Jour 11 après la chute d'Aleph

Ils hurlent. Ils hurlent encore. Et pourtant ils savent que je ne dirai rien. Je ne les vois plus, mes yeux sont trop tuméfiés, mais je sens une botte s'écraser sur mon visage. Un claquement, et une sensation de chaleur. La douleur et le sang emplissent ma bouche. J'aimerais m'y noyer, mais mon corps ne m'y autorise pas. Je tousse, il me semble qu'une dent brisée y voit son billet de sortie. Je ne la sens même plus tomber, longtemps qu'ils m'ont brisé la mâchoire. Ils hurlent sur un artefact, ils hurlent sur la Fondation, ils hurlent sur moi. Je n'en peux plus. Tous mes doigts sont brisés, je ne sens plus mes jambes. Je veux rentrer chez moi, je veux serrer ma femme dans mes bras, et aller me coucher contre elle pour me réveiller loin de ce monde. Fondation ou pas, personne ne peut dem…

Un coup de feu. La panique. J'entends des cris confus, des ordres, des tirs de tous les cotés. Soit ces connards sont encerclés, soit ils essayent de répliquer sans savoir d'où ils se font baiser. Ils ont dû tous se faire avoir. Plus aucun bruit. Tous morts. Fumiers. Je sens un liquide chaud couler sur mon front. Il pleut ? Non. Je me sens léger… Je n'ai plus mal. Alors la balle était pour moi ? Merci. Mille fois merci. Je peux partir désormais. J'arrive, ma chérie.

« J'ai eu le directeur. On dégage. MAINTENANT ! »

Mortarion rabattit le cache de la lunette du sniper et se releva prestement pour courir vers le véhicule. Le campement de l'Insurrection du Chaos était certes totalement pris de court, mais il n'allait pas tarder à retrouver un semblant d'ordre et à s'organiser pour les traquer.

« Et comme qui dirait, l'effet de surprise c'est comme l'alcool, faut pas en abuser !
- Les mots blessent, vous savez, Kommissaer.
- Fermez-la et conduisez, Sonitrok. »

Le moteur rugit et les pneus crissèrent alors que le 4x4 s'élançait vers la route. Un dérapage plus ou moins contrôlé les emmena sur une autoroute où gisaient quelques carcasses de voitures, témoins rouillés et retournés de l'inutilité face à une fin du monde d'essayer d'atteindre la ville d’à coté. À peu près aussi productif que de hurler des évidences, à genoux sur la banquette arrière.

« ILS NOUS SUIVENT ! »

Dans le regard de D-2108 se lisait la terreur autant que se reflétaient une demi-douzaine de jeeps militaires bondissant sur la route dévastée. Les véhicules blindés d'un vert sombre s'arrachaient à l'horizon pour fondre sur les fuyards dans un hurlement déchirant, agonie d'une mécanique poussée dans ses retranchements. Un bruit désagréable, mais qu'on finit par regretter lorsqu'il est remplacé par des sifflements courts, aigus, cinglants… et caractéristiques.

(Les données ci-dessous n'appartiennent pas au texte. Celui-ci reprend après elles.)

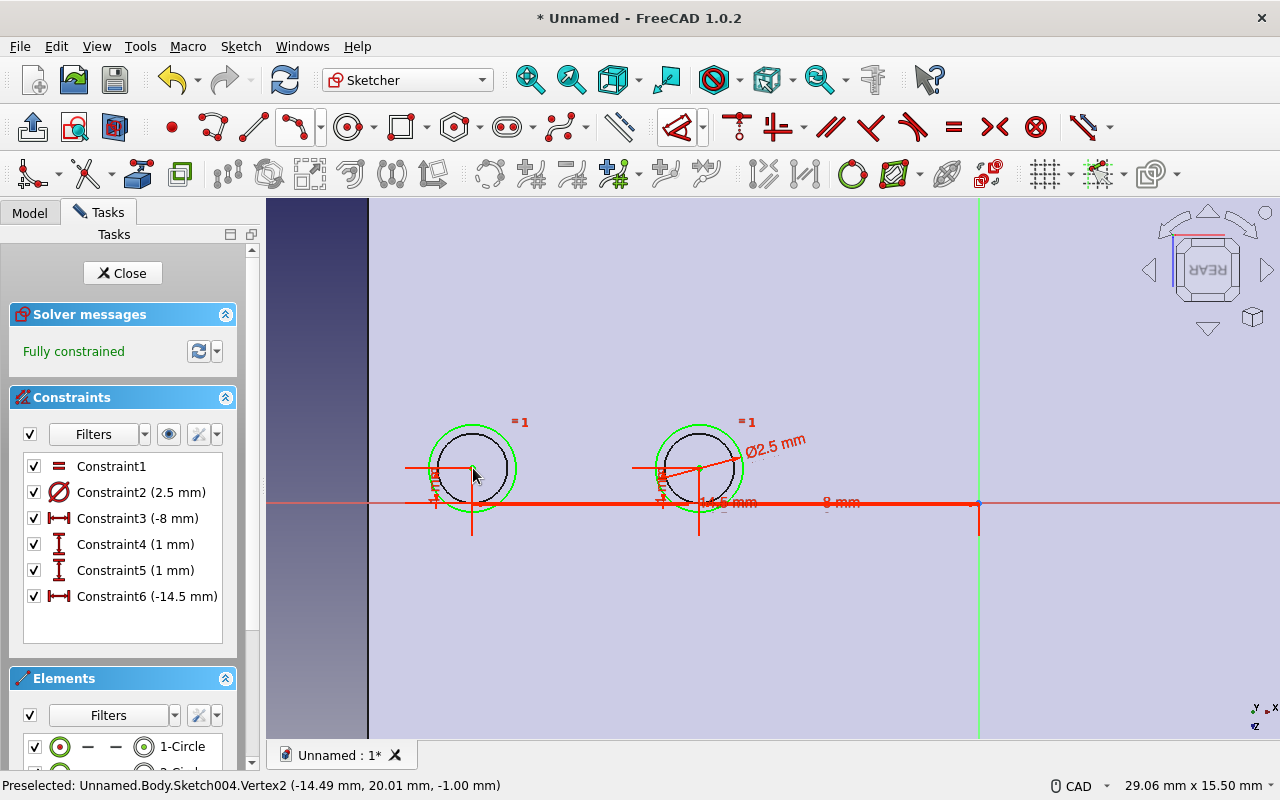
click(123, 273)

« Balles traçantes hein ? On oublie trop souvent que ces connards étaient juste une FIM de la Fondation, au départ. Foutus déserteurs. »

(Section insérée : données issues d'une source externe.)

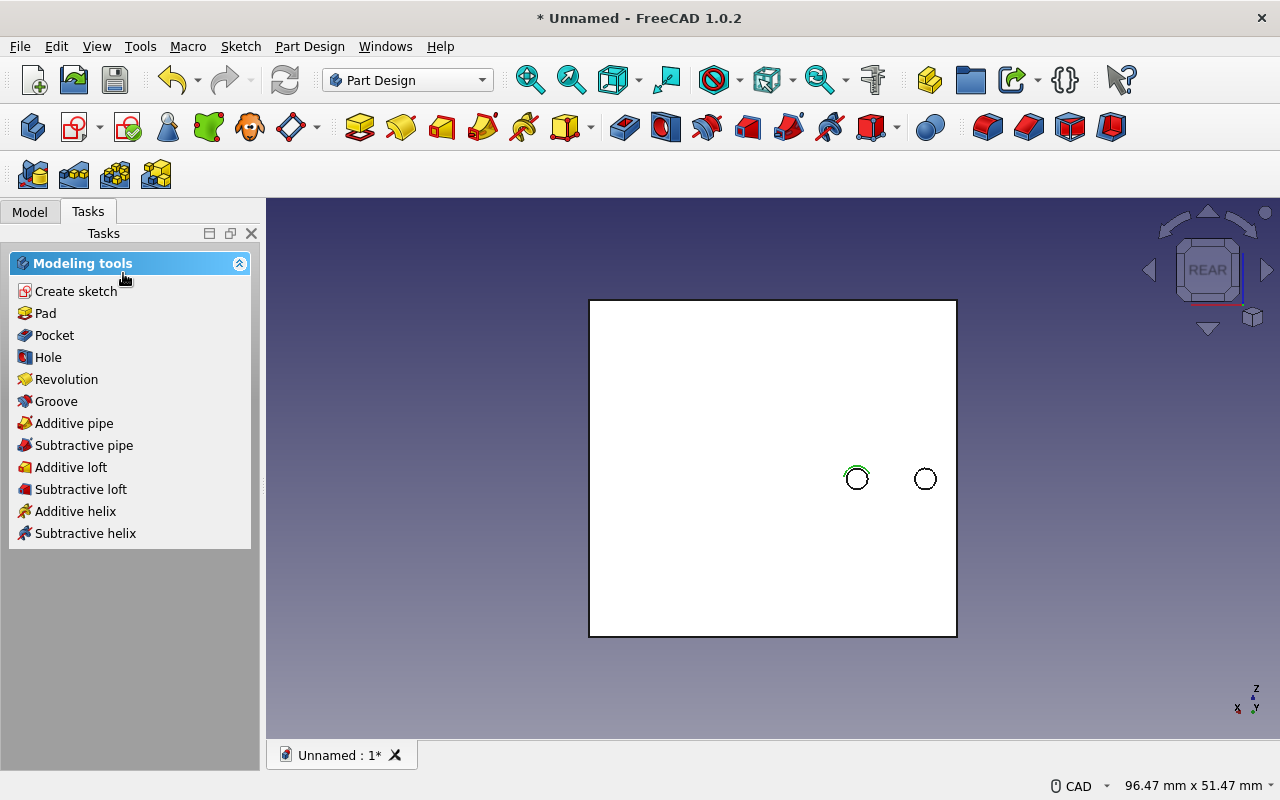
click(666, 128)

Un ricanement résonnant dans son masque, Mortarion faisait claquer devant son œil inquisiteur le barillet de son arme de poing favorite. Traque-Doute, comme il l'appelait, était justement conçue pour ceux qui trahissaient la Fondation, sciemment ou non. Le plan continuait, et l'étape « riposte » arrivait.

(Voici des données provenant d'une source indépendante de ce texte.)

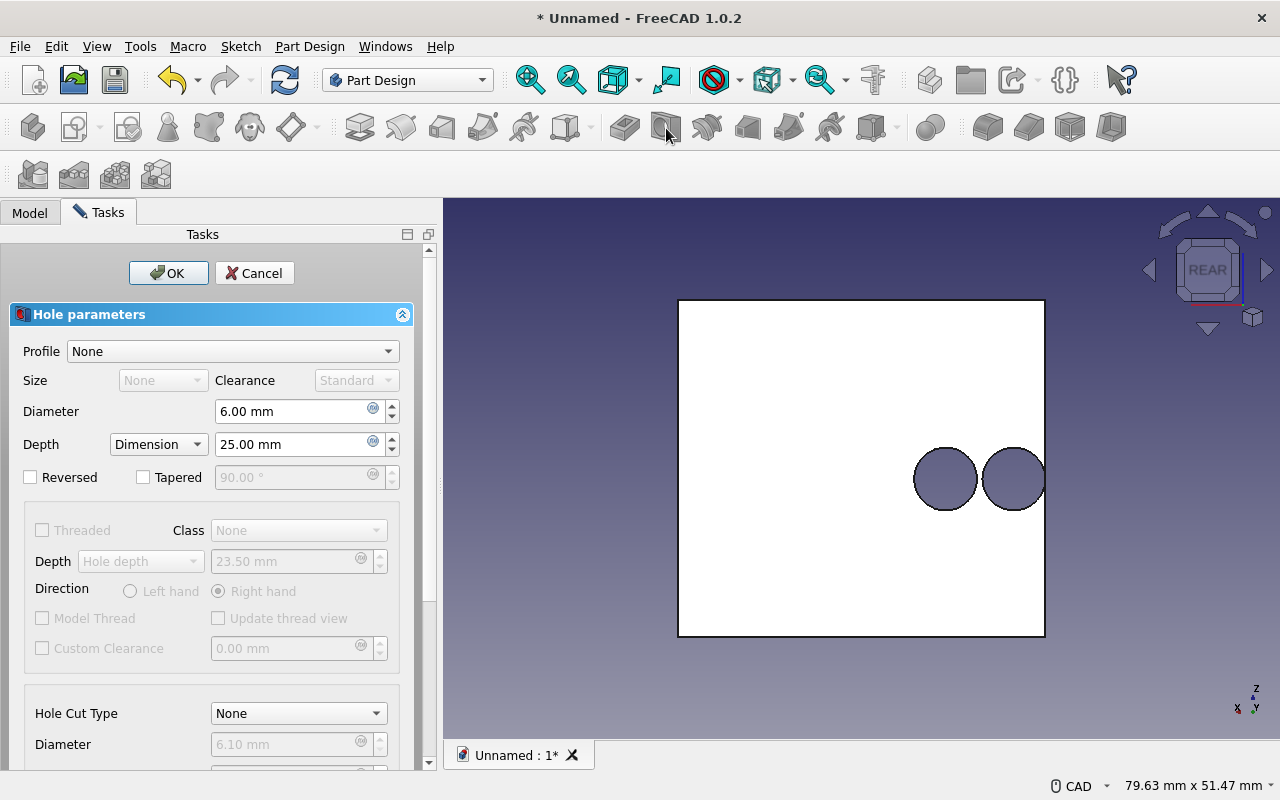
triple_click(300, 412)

« Kommissaer, prêt à tirer ! »

Le signal ne fut pas long à suivre. D-2108 se leva à travers le toit ouvrant, et d'un geste leste, posa le lance-roquettes sur son épaule. Un cri de guerre glorieux fut couvert par le fracas du tir alors que le missile thermobarique s'arrachait à l'arme pour partir en zigzaguant violemment vers les poursuivants. Peu de gens ont déjà pu apprécier la beauté d'une telle démonstration de puissance. Une explosion semblable à une implosion, un souffle comme une inspiration. Surpression, puis dépression. Mais ce jour-ci, aucun des insurgés ne profita de ce sublime spectacle, apogée de la conquête de l'humain sur un engin de mort toujours plus performant, car il se déroula à une cinquantaine de mètres environ derrière leur dernier véhicule.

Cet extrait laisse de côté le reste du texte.